The adrenalin spike heightened his PCP high. Savage images coursed through his brain, slashing the old man, plunging his knife into the old man’s butt boys over and over, until he felt an almost sexual compulsion launching him forward.

Diaz’ nickel-slicked 1911 was out of its holster and on target in a flash. In another flash, a 230-grain hardballer slug transected the skell’s brain.

The body hammered face first into the ground.

Spooky regarded the corpse for a second.

In his mind’s eye, he could see an aerial thermal image of the scene: the other creeps and losers slinking away into even darker recesses.

They ascended a slope of cracked and weathered asphalt into forever, until, at last, they reached the overlook.

Few lights burned in the city below. Those still lit on the streets and in the residential windows were dim and ethereal. Corpse lights on a blasted heath. Winds off the river carried the distance smells of fires and rotting garbage heaps.

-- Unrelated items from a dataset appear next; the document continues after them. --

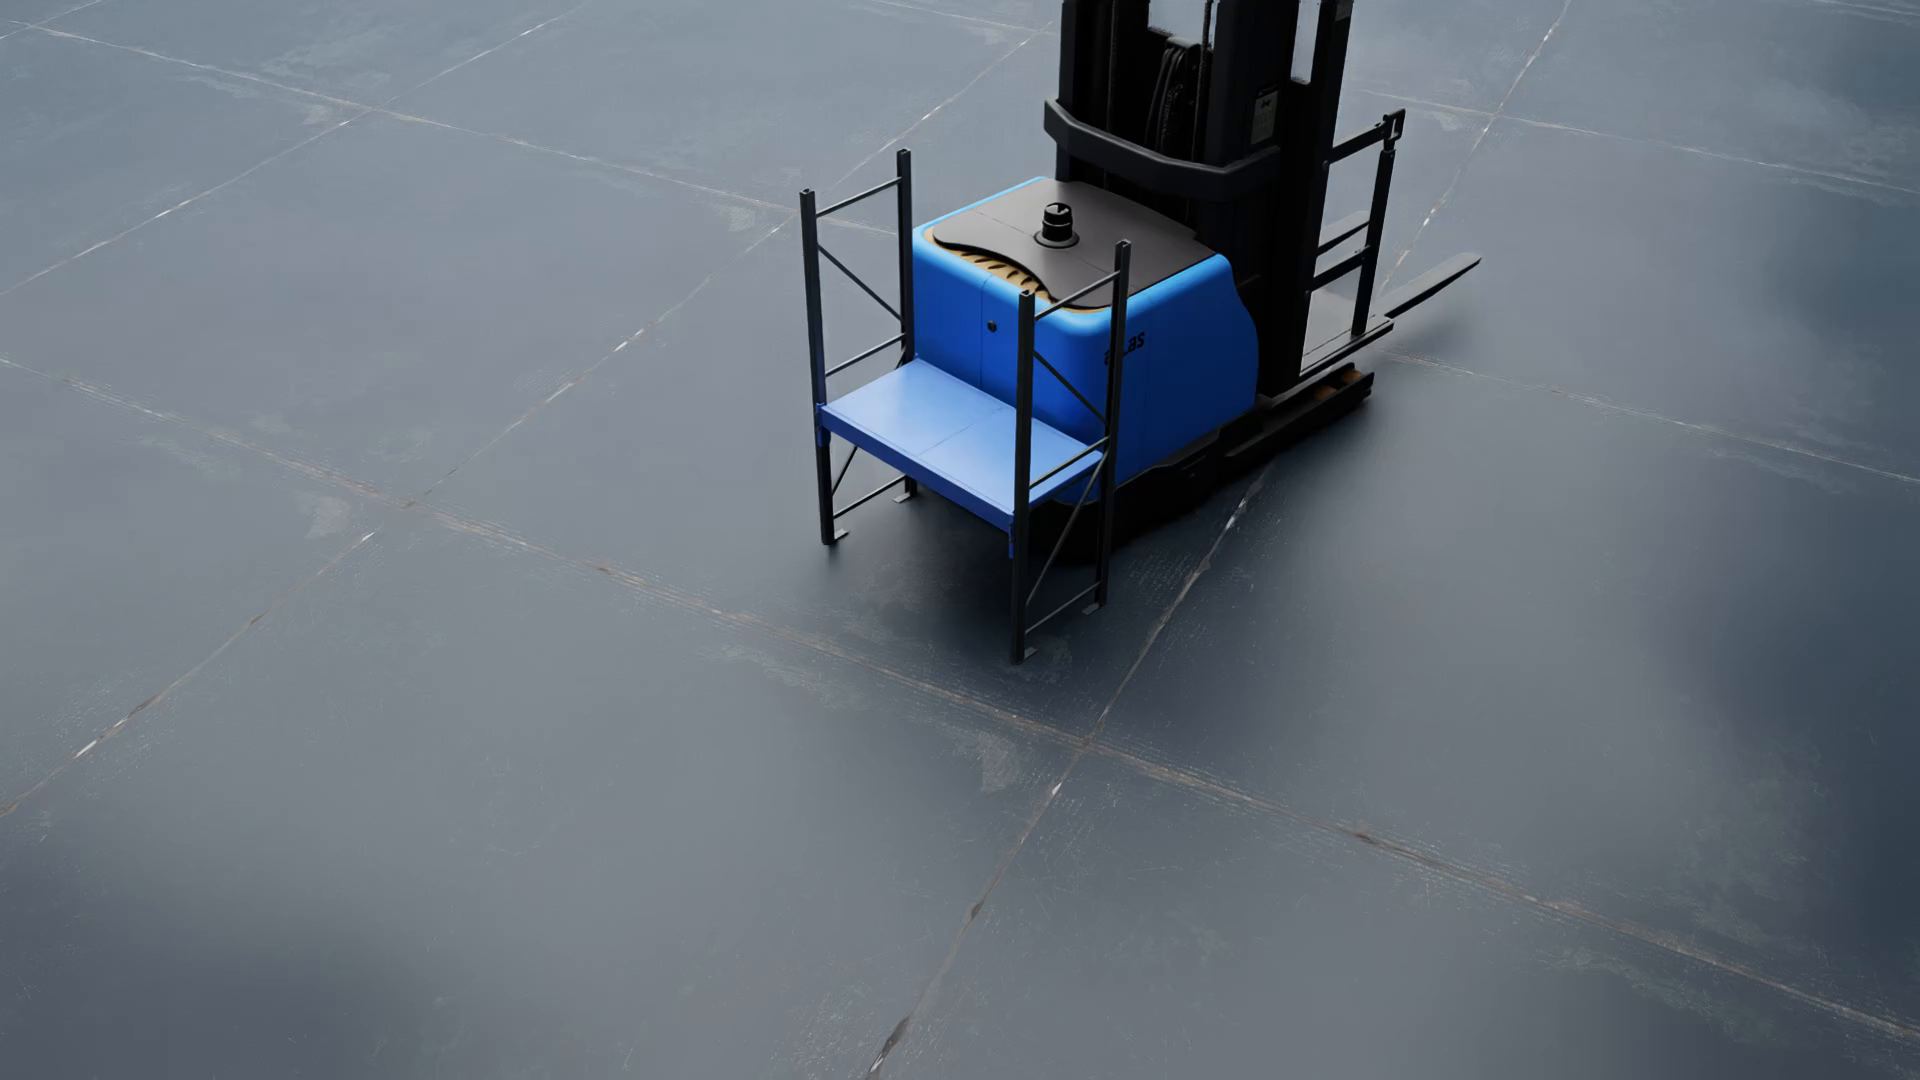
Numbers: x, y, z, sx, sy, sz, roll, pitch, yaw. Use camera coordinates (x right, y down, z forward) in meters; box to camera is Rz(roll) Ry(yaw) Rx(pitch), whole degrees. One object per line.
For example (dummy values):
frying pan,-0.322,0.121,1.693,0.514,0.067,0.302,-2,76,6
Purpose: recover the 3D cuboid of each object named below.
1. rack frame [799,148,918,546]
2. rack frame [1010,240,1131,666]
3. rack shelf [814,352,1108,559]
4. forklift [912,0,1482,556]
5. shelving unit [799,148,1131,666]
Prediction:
rack frame,-0.360,-0.688,6.233,0.032,1.500,0.500,31,47,34
rack frame,0.366,-0.258,5.666,0.032,1.500,0.500,31,47,34
rack shelf,0.003,-0.330,6.058,1.000,0.185,0.538,31,47,34
forklift,1.179,-1.878,6.617,3.031,2.935,1.130,-29,46,-33
shelving unit,0.003,-0.473,5.950,1.048,1.500,0.538,31,47,34

“Colonel, if I may ask a question?” Sgt. Diaz said.

“Shoot, sergeant.”

“Every visit to this city you make a trip up here. Why?”

Spooky looked at the man 30 years his junior. “Diaz, you got a girl? I don’t mean a hump, like what some old-fashioned folks would call ‘the one.’”

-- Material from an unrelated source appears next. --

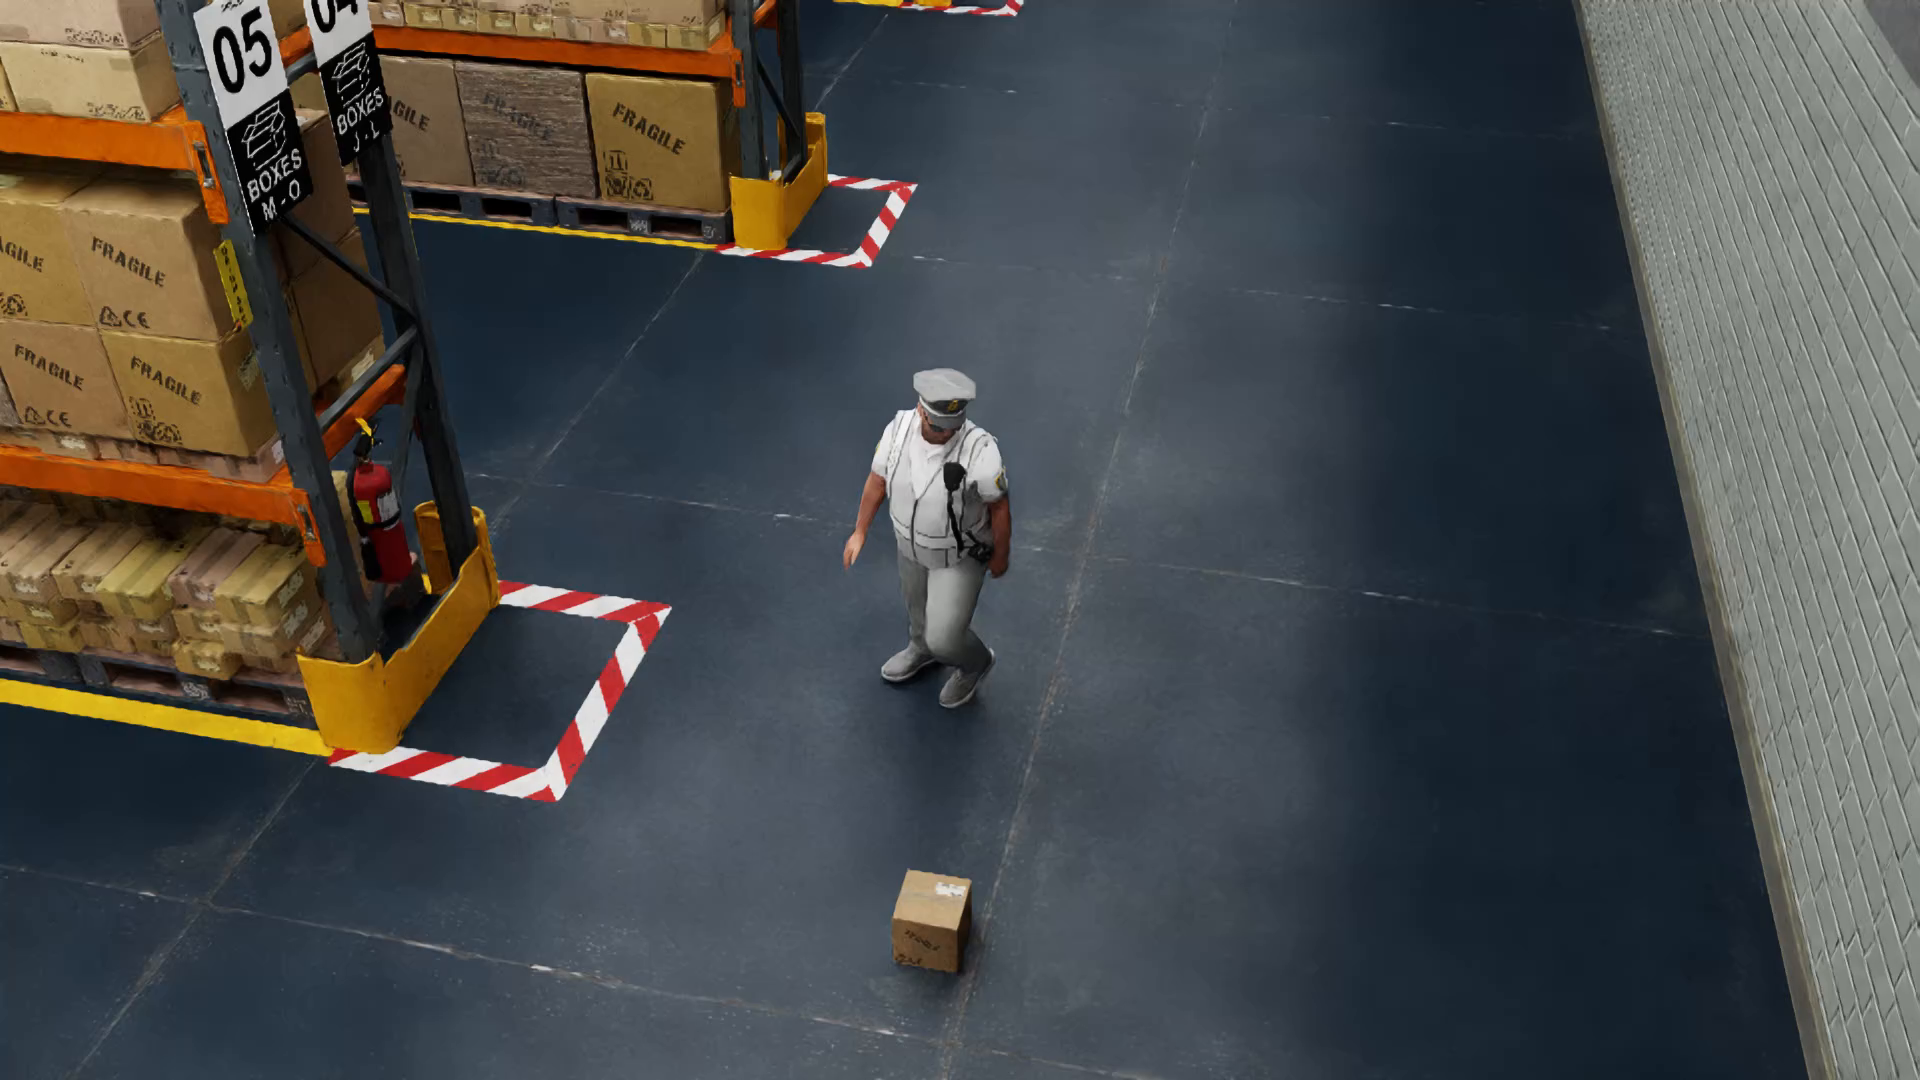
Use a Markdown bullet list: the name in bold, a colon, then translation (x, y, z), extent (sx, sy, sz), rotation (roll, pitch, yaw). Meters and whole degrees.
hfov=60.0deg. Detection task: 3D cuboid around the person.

“Yes, sir. Something like that.”

“Before the war, I had a girlfriend. She lived in this city, back when it was a real city. Lights as far as you could see, bright as day. The population then was more than a million people, if you can believe that.”

Diaz gave the old man’s words consideration.

Spooky went on, “Well, before my last deployment with the former U.S. Air Force, we had a nice date night. Actually went to a restaurant, drank wine, we were actually able to have a fun time during the pandemic. And then at the end of the night, when we were all shit-faced and feeling good, we ended up here and I proposed.”

“I see, sir. What happened after that?”

“Nothing. I never saw her again. Never found out what happened to her. For all I know, she could be at the bottom of the river.”

Diaz nodded and Spooky turned back to the overlook for a little while longer.

Later that night, he dreamt his recurring dream. Down there in the ruins, he is hiding when he hears the world tremble under the turboprops of the AC-130s on a gun run. The rumbling grows in intensity, the gunships dropping altitude, the people around him crouch deeper, until finally 25mm rounds tear through the living room.

Everyone dies screaming in fear and panic.

Deep in the night, dreaming this dream, Spooky smiled.